# EXERCISE BRIEF:
Exactly as they appear, output all of the records. Skip any images.
Segment Start: LISTED ENTRIES
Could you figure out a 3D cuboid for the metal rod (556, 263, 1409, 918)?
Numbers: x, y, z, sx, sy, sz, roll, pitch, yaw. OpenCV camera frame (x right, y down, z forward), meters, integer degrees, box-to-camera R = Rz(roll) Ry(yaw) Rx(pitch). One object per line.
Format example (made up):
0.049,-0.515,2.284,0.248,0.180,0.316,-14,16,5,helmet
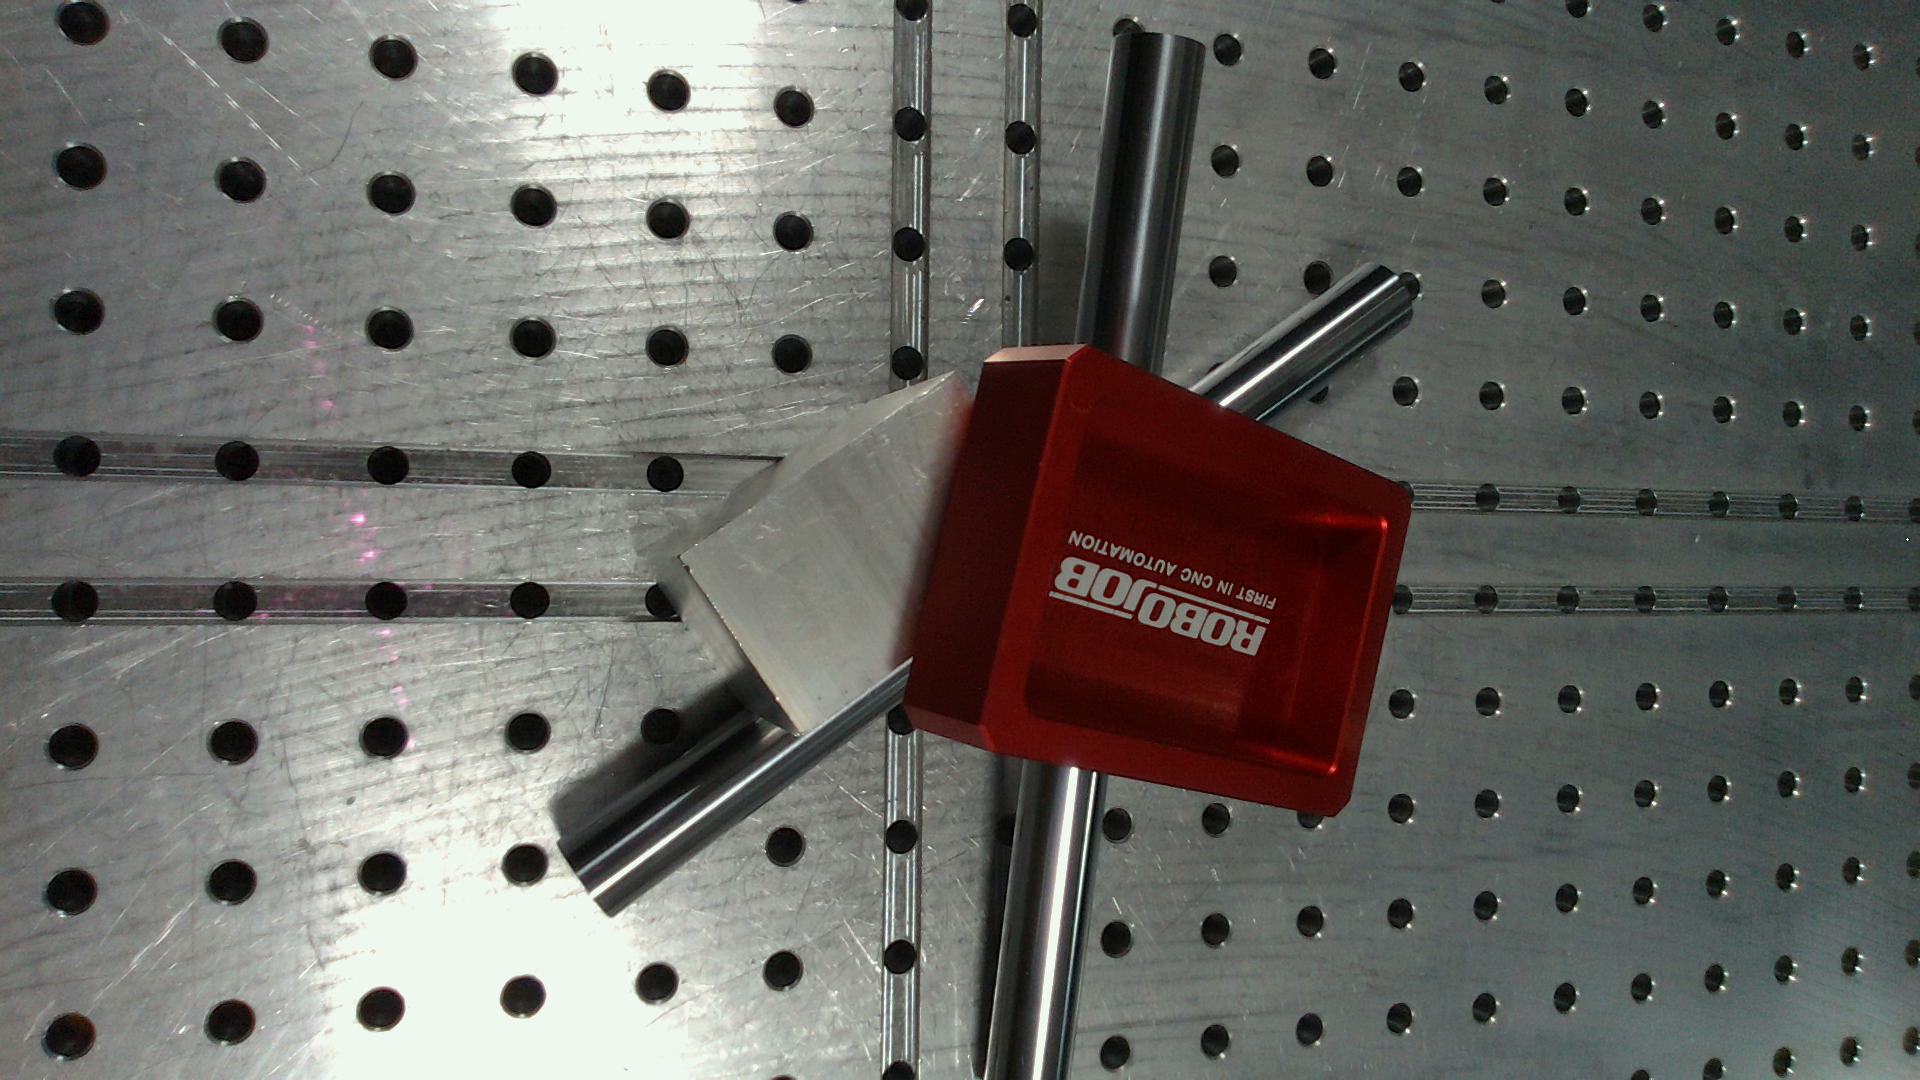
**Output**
0.018,0.005,0.403,0.301,0.025,0.025,-36,101,-16,metal rod

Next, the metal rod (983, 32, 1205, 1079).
0.036,0.016,0.385,0.025,0.025,0.300,4,98,-20,metal rod

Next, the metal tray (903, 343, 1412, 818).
0.054,0.014,0.338,0.131,0.030,0.090,17,84,-38,metal tray

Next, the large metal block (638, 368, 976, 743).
-0.032,0.003,0.355,0.080,0.080,0.050,-36,101,-16,large metal block

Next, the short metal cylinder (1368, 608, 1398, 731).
0.082,0.029,0.411,0.080,0.050,0.080,0,90,-20,short metal cylinder
Segment End: LISTED ENTRIES
# RESPONSE AREA:
Could you figure out a 3D cuboid for the metal rod (556, 263, 1409, 918)?
Numbers: x, y, z, sx, sy, sz, roll, pitch, yaw. OpenCV camera frame (x right, y down, z forward), meters, integer degrees, box-to-camera R = Rz(roll) Ry(yaw) Rx(pitch). One object per line.
Format example (made up):
0.049,-0.515,2.284,0.248,0.180,0.316,-14,16,5,helmet
**Output**
0.018,0.005,0.403,0.301,0.025,0.025,-36,101,-16,metal rod

Next, the metal rod (983, 32, 1205, 1079).
0.036,0.016,0.385,0.025,0.025,0.300,4,98,-20,metal rod

Next, the metal tray (903, 343, 1412, 818).
0.054,0.014,0.338,0.131,0.030,0.090,17,84,-38,metal tray

Next, the large metal block (638, 368, 976, 743).
-0.032,0.003,0.355,0.080,0.080,0.050,-36,101,-16,large metal block

Next, the short metal cylinder (1368, 608, 1398, 731).
0.082,0.029,0.411,0.080,0.050,0.080,0,90,-20,short metal cylinder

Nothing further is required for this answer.